Published on: October 4, 2021

Parkinsonian dementias.

Katherine L Possin, Daniel I Kaufer

    Continuum (Minneapolis, Minn.)
    |July 20, 2012
    PubMed
    Summary
    This summary is machine-generated.

    Parkinsonian dementia syndromes involve motor and cognitive decline.
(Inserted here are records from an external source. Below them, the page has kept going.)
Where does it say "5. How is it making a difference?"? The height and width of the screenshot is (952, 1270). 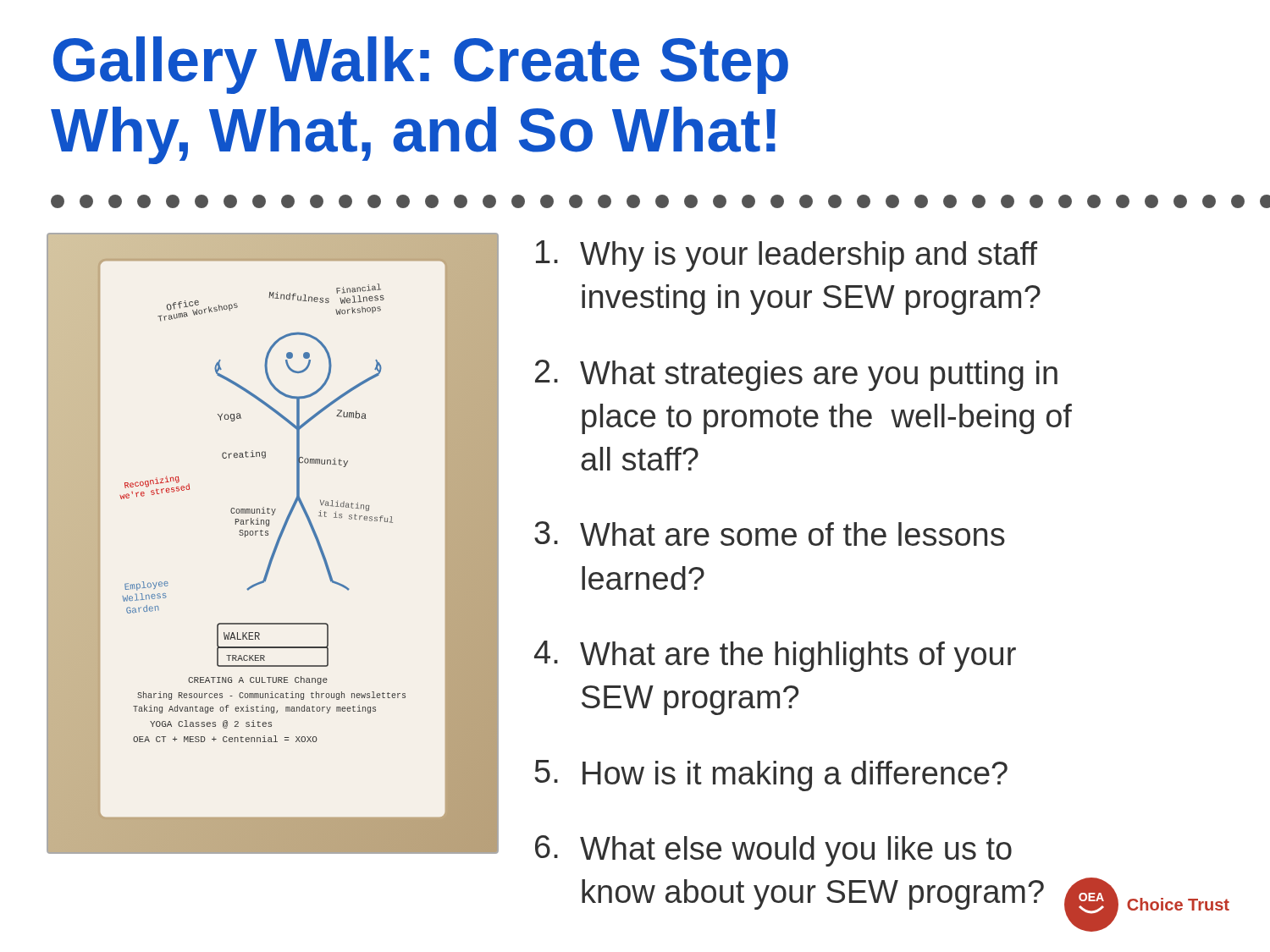[x=771, y=774]
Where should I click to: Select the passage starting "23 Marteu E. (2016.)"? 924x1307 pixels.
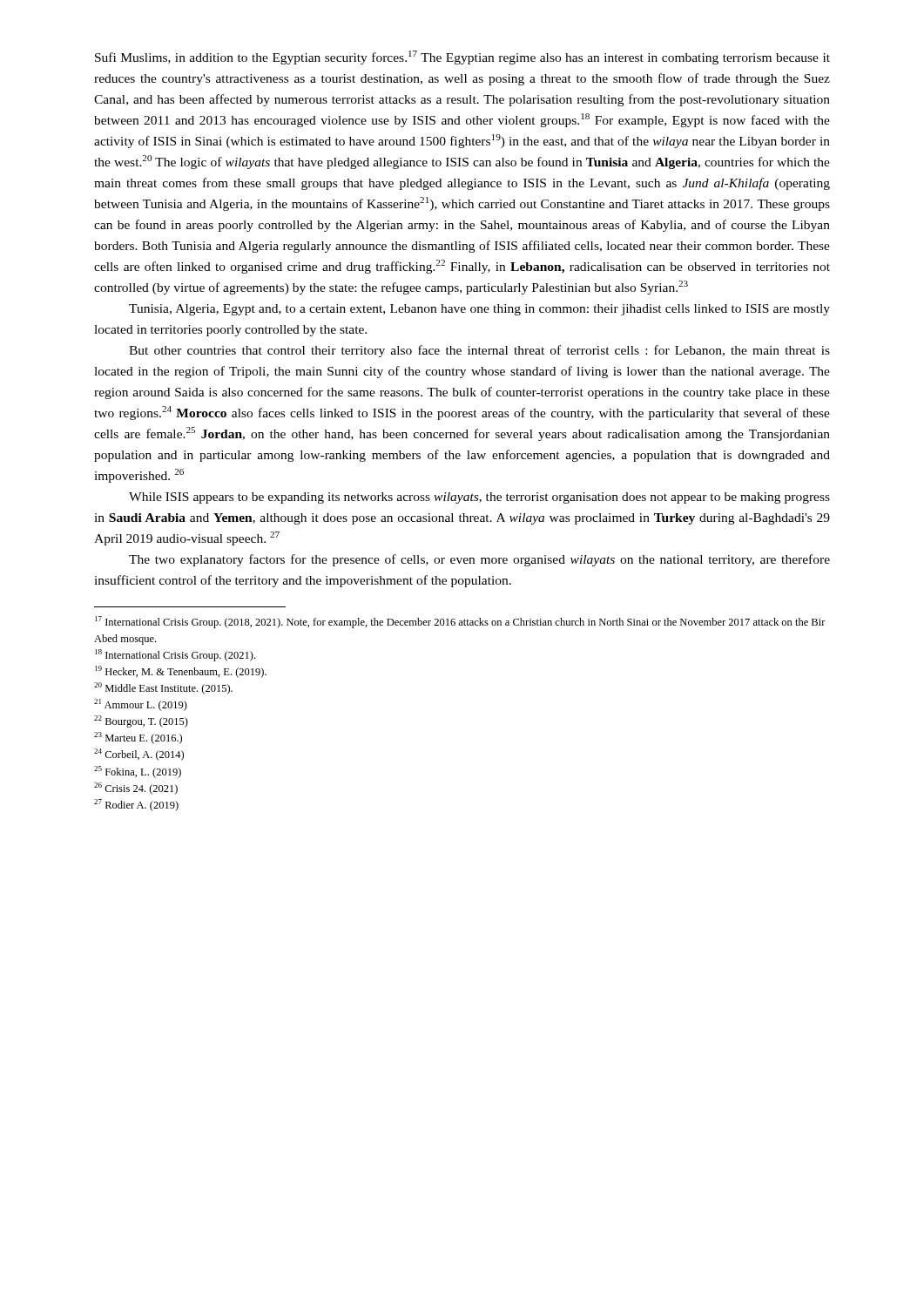pos(138,737)
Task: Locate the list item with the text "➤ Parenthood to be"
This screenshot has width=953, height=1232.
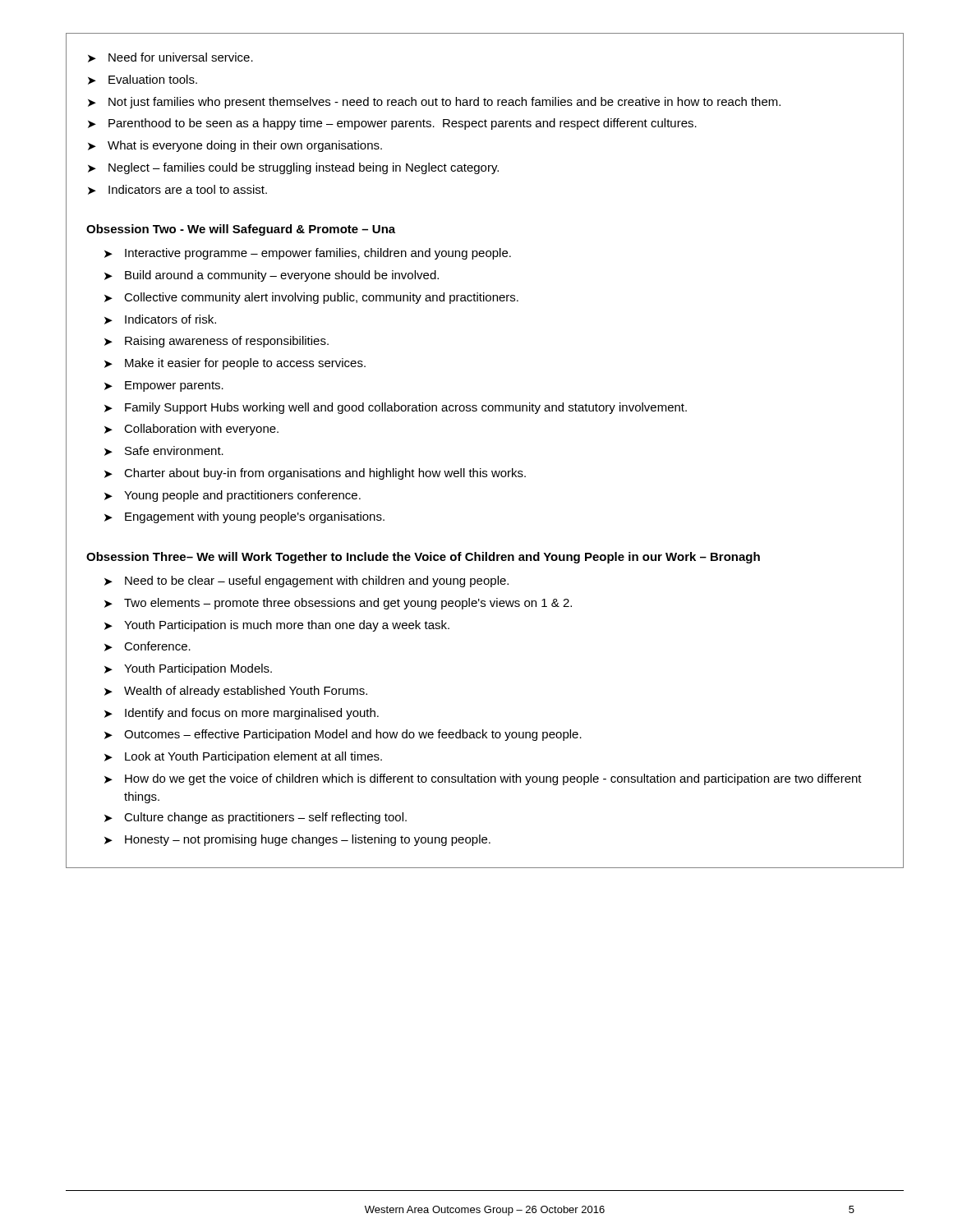Action: tap(392, 124)

This review covers Lewy body dementias, multiple system atrophies, and other causes, focusing on diagnosis and treatment.

    More Related Videos

    Induction and Assessment of Levodopa-induced Dyskinesias in a Rat Model of Parkinson's Disease
    05:51

    Induction and Assessment of Levodopa-induced Dyskinesias in a Rat Model of Parkinson's Disease

    Published on: October 14, 2021

    Related Experiment Videos

    Last Updated: May 20, 2026

    Rating L-DOPA-Induced Dyskinesias in the Unilaterally 6-OHDA-Lesioned Rat Model of Parkinson's Disease
    06:45

    Rating L-DOPA-Induced Dyskinesias in the Unilaterally 6-OHDA-Lesioned Rat Model of Parkinson's Disease

    Published on: October 4, 2021

    Induction and Assessment of Levodopa-induced Dyskinesias in a Rat Model of Parkinson's Disease
    05:51

    Induction and Assessment of Levodopa-induced Dyskinesias in a Rat Model of Parkinson's Disease

    Published on: October 14, 2021

    Area of Science:

    • Neurology
    • Neuroscience
    • Pathology

    Background:

    • Parkinsonian dementia syndromes combine motor and cognitive impairments with diverse causes.
    • Lewy body dementias (Parkinson disease dementia, dementia with Lewy bodies) feature α-synuclein intracellular inclusions.
    • Multiple system atrophies (MSAs) present with autonomic and motor signs and α-synuclein glial inclusions.

    Purpose of the Study:

    • To review clinical presentations, differential diagnoses, and therapeutic strategies for synucleinopathies and related parkinsonian dementia syndromes.
    • To differentiate parkinsonian dementias based on underlying pathology, including α-synuclein and tau abnormalities.
    • To explore less common causes such as drug-induced parkinsonism, vascular parkinsonism, and Alzheimer disease with extrapyramidal signs.

    Main Methods:

    • Review of clinical presentations, diagnostic characteristics, and therapeutic approaches.
    • Pathological differentiation based on protein aggregates (α-synuclein, tau).
    • Comparative analysis of distinct parkinsonian dementia syndromes.

    Main Results:

    • Lewy body dementias and MSAs are key α-synucleinopathies.
    • Progressive supranuclear palsy and corticobasal degeneration are distinguished by tau pathology.
    • Differential diagnosis includes vascular, drug-induced, and metabolic causes.

    Conclusions:

    • Accurate diagnosis of parkinsonian dementia syndromes relies on integrating clinical, imaging, and pathological findings.
    • Understanding the distinct molecular pathologies (α-synuclein vs. tau) is crucial for targeted therapies.
    • Comprehensive management strategies are needed for these complex neurodegenerative disorders.